One of the big writer maxims is: Write what you know.

It’s advice that usually works. Do you want real action, real emotions, real consequences? Remember what you’ve done in your own life, and write it out. “Write what you know” is a classic for a reason: pour all that lust for your midnight lover into your sex scenes, add the tiny details about what it’s like to live in Boise, Idaho, and use the uncomfortable memory of what you saw a friend go through in high school for a surprise plot twist to make the reader weep. Nothing sounds more real than what is actually real.

On the other hand we do sometimes run into problems. After all, how many of us have really faced down a demon?

That’s where I think the bookend to the above maxim needs to come in. Write what you know… lie convincingly about what you don’t.

A story is nothing more than something you’ve made temporarily real for the reader–basically it is a giant lie, filled wit just enough truthful moments to make the reader give the lies the benefit of the doubt. This relationship is particularly important for fantasy, science fiction, and, for that matter, romance novels. The author is telling such an enormous whopping lie (a federation of planets, going boldly where no science has yet to make possible!; elves and witches and quests, magical objects and magical creatures; that everyone who wants one can have a happy ending) that the rest of the story had better strike to the heart of the reader with its absolute truthfulness.

Sometimes, though, you just don’t have the sort of experience necessary to “write what you know” and make the story real that way.

In my book, Salt and Silver, the main character is living in a world of demons, Doors to Hell, and sexy hunters who don’t really take her seriously. What do I know about that? Zilch. The closest I’ve come to a demon hunter is seeing the Anthony Hopkins portrayal of Van Helsing (and thinking, “wow, I want to be that when I grow up”). How am I supposed to make that real for the reader?

Answer: Lies.

As any teenager who’s had to explain why she cut school or stayed out past curfew knows, the hallmark of any good lie is that it could be true.
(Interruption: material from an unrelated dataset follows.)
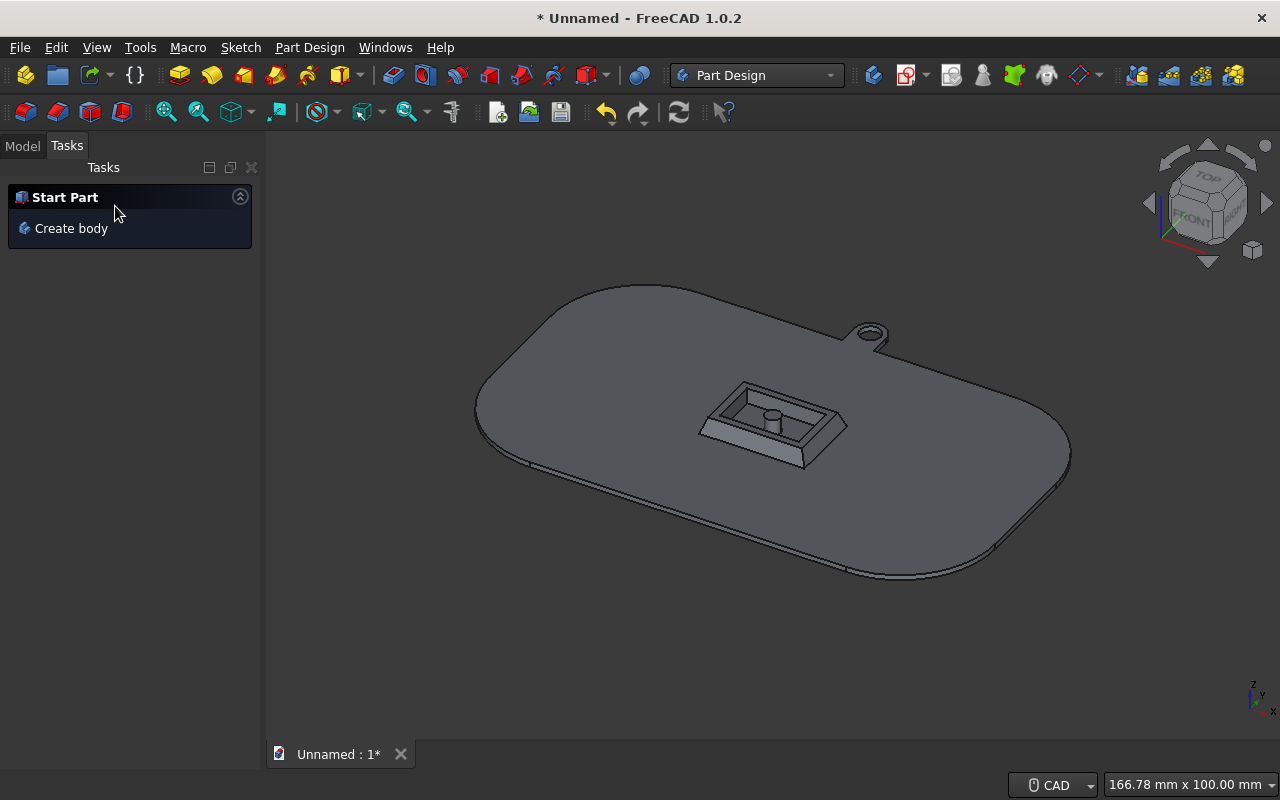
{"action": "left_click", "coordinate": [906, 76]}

I probably wasn’t saving a kitten from a tree at midnight on a Wednesday, but I totally could have been comforting a close friend who had recently lost her grandma/broke up with her boyfriend/fought with her mother and lost track of time. (Since my mother is not reading this, I can confess: that is never what was actually going on.)

When I needed to describe something to the reader — and to myself — I pulled out what I knew, and I took the true parts, and I just rearranged all the other details around it. This leads the reader into knowing there’s a lie going on… but maybe not exactly what the lie is. Here’s one of the more literal examples of this in Salt and Silver:

I stand up and turn around–I can’t see where we came from anymore, but when I close my eyes, I can see the Door, glowing a little, but it’s really far off in the distance. It makes me think of sitting on the roof of the diner, facing Manhattan. Amanda and Stan and I did that a few times together, stared out at the skyline. Without the Twin Towers there, Manhattan could be any city, except for the bridges. But from the diner, the bridges are blurry, fuzzy, and if you don’t know what you’re looking for, you can’t see them.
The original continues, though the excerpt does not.